How Do I Address Obsessive Thoughts About Fantasies?

While fantasies are a healthy part of human sexuality, they can sometimes become obsessive or intrusive. Here are some strategies to manage obsessive thoughts about your fantasies:

Self-Reflect

Take some time to reflect on the nature of your fantasies. Are they causing distress or interfering with your daily life? Are they getting in the way of completing work or other day-to-day functioning? Understanding your own feelings and their impact on your functioning can be the first step in addressing obsessive thoughts.

Seek Professional Help

If obsessive thoughts about your fantasies are causing you significant distress or affecting your mental health, consider seeking help from a therapist or counselor. They can provide guidance and support tailored to your specific situation.

Communicate Clearly

If you feel comfortable, discuss your obsessive thoughts with your partner. They may offer emotional support and understanding, helping you alleviate any concerns.

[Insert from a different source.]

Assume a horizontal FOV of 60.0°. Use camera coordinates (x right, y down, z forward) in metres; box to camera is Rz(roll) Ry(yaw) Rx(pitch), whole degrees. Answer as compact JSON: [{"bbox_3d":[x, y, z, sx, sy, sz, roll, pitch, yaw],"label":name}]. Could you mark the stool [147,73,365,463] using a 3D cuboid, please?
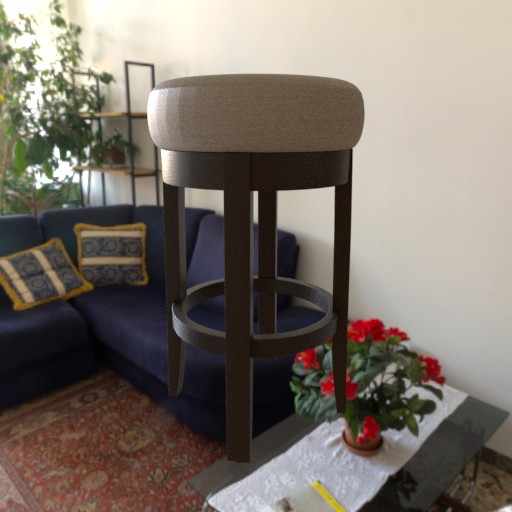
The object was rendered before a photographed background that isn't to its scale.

Engage in Mindfulness or Distraction

Engaging in mindfulness techniques or distracting activities when obsessive thoughts arise can be effective in managing them. Redirect your focus to the present moment or immerse yourself in a different activity.

Takeaway

Sharing fantasies with your partner can be a rewarding journey that deepens your intimacy and connection. Approach the conversation with sensitivity and prioritize open communication. The beauty of fantasy lies in its divergence from reality. Remember that your fantasies are a part of your individuality, not a reflection of any inadequacies in your relationship. By sharing your fantasies, you may discover new dimensions to your intimacy and embark on exciting adventures together.